Existence of known inhibitors
Next, the literature was searched for previously reported inhibitors of the selected targets. As expected, none of the targets presented in Table 1 are inhibited by commercially available antibiotics. Through analysis of scientific literature we were able to identify inhibitors targeting a few of the listed targets but, to our knowledge, none has gone beyond laboratory studies: the ZipA/FtsZ interaction has been reported to be inhibited by certain antimicrobial compounds39,40; the insect peptide Thanatin blocks LptA41; compound IMB-881 blocks the interaction between LptA and LptC42; JB-95 inhibits b-barrel proteins including LptD43; MAC13243 inhibits LolA44; BamD is inhibited by an inhibitory peptide45 while the compound IMB-H4 has been shown to block BamA-BamD interaction46, and MukB is inhibited by the small molecules Michellamine B and NSC26059447. Finally, multiple inhibitory compounds targeting TonB have been identified48–50. Thanatin has been shown to possess antimicrobial activity against several Gram-negative bacteria beyond E. coli, including K. pneumoniae, Salmonella typhimurium and Enterobacter cloacae41. IMB-H4 was also able to inhibit growth in K. pneumoniae, P. aeruginosa and A. baumannii46. NSC176319 was found to be active against S. aureus and permeabilised P. aeruginosa and A. baumannii47. JB-95 was reported to have antimicrobial activity against A. baumannii, P. aeruginosa and Staphylococcus aureus43, MAC13243 has been shown to also be active against P. aeruginosa44 and TonB inhibition has been shown to affect A. baumanii49. With the information provided in this study, some of these inhibitors may represent starting scaffolds for development into pathogen-specific antibacterials. In addition, they might represent useful tools in validating future target-based assays.
Target structure
Structure-guided drug design is a powerful in silico approach that can rapidly screen millions of compounds for their ability to dock into a desired target, and identified hits can subsequently be tested in vitro. Thus, 3D structures at a high enough resolution represent an advantage for the targets identified in this study.
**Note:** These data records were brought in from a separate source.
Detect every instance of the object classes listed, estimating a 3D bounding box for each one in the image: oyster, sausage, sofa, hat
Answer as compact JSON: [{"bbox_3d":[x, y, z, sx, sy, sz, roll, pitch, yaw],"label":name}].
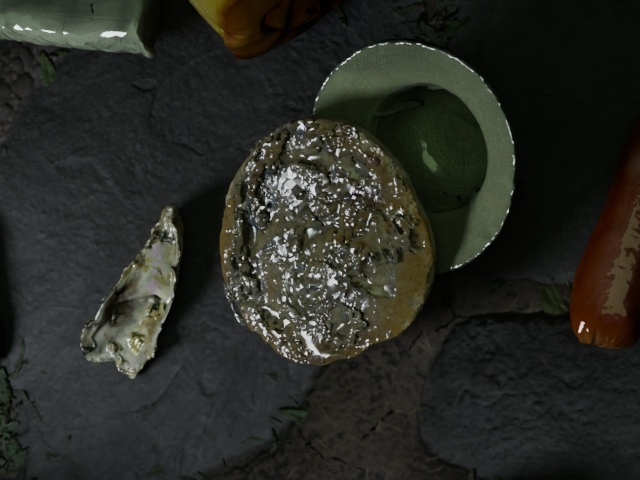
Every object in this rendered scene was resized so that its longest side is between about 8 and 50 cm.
[{"bbox_3d":[-0.196,0.063,1.954,0.106,0.061,0.200,43,93,-7],"label":"oyster"},{"bbox_3d":[0.345,-0.023,1.861,0.089,0.083,0.300,21,84,17],"label":"sausage"},{"bbox_3d":[-0.276,-0.332,1.942,0.210,0.176,0.225,9,84,9],"label":"sofa"},{"bbox_3d":[0.125,-0.103,1.866,0.257,0.130,0.257,12,113,30],"label":"hat"}]

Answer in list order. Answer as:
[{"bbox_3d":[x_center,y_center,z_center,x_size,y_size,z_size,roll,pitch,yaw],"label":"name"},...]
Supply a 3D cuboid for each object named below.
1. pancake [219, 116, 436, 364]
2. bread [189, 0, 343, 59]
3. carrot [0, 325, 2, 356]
[{"bbox_3d":[0.000,0.001,1.870,0.282,0.049,0.283,8,106,30],"label":"pancake"},{"bbox_3d":[-0.032,-0.319,1.867,0.270,0.270,0.148,-45,78,1],"label":"bread"},{"bbox_3d":[-0.390,0.062,1.983,0.035,0.035,0.165,-13,84,7],"label":"carrot"}]
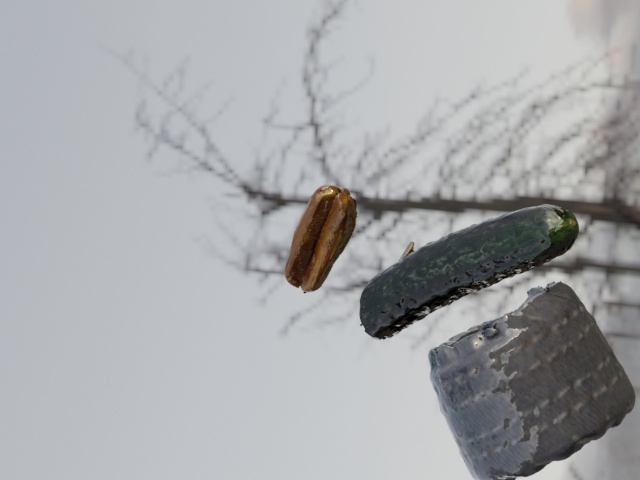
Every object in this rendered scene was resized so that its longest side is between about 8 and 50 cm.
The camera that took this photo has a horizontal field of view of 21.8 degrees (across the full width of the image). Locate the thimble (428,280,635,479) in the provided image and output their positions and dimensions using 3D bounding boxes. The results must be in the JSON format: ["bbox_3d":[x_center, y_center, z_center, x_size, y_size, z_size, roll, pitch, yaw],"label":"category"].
[{"bbox_3d":[0.229,0.151,1.816,0.172,0.205,0.236,64,-155,3],"label":"thimble"}]

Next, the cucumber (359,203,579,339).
[{"bbox_3d":[0.113,0.018,1.264,0.052,0.214,0.058,21,-123,-35],"label":"cucumber"}]

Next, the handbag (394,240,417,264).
[{"bbox_3d":[0.107,0.039,2.144,0.061,0.027,0.083,-55,1,20],"label":"handbag"}]

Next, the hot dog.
[{"bbox_3d":[0.001,0.000,1.893,0.038,0.062,0.144,-44,-22,-59],"label":"hot dog"}]
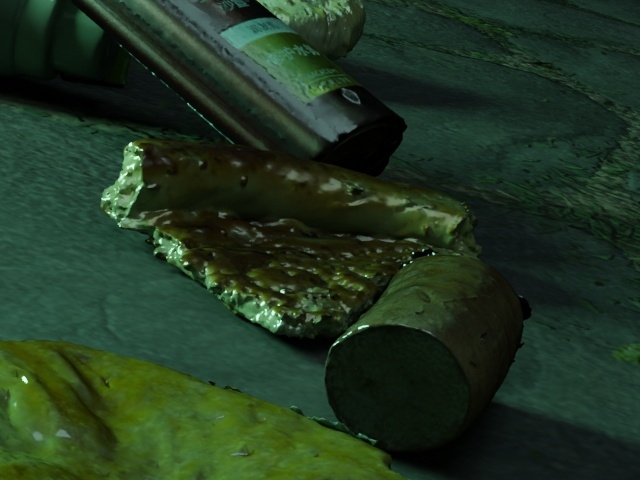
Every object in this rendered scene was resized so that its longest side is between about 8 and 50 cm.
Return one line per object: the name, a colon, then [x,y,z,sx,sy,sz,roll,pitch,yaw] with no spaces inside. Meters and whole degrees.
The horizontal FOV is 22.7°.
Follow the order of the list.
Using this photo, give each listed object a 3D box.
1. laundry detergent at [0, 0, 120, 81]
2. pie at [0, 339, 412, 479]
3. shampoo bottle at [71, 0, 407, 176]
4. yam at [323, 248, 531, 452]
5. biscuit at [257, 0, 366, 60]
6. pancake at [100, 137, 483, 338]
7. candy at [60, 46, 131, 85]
laundry detergent: [-0.352,-0.215,1.291,0.398,0.124,0.264,15,16,3]
pie: [-0.074,0.108,0.539,0.306,0.071,0.306,15,15,-4]
shampoo bottle: [-0.088,-0.156,1.187,0.323,0.084,0.129,42,34,20]
yam: [0.055,0.056,0.802,0.084,0.084,0.127,17,20,11]
biscuit: [-0.107,-0.221,1.567,0.281,0.084,0.179,14,24,9]
pancake: [0.000,0.000,0.970,0.266,0.057,0.244,11,18,-11]
candy: [-0.210,-0.210,1.420,0.062,0.097,0.194,6,19,-20]

Information retrieved from the Protein Data Bank (PDB)51 showed that 3D structures at a resolution of <3 Å existed for 18 proteins, >3 Å for 6 proteins and no structure could be found for 3 proteins, while YrfF was associated with a structure but no resolution information was reported in the database, and no structure had been reported for the remaining nine protein targets (Table 1).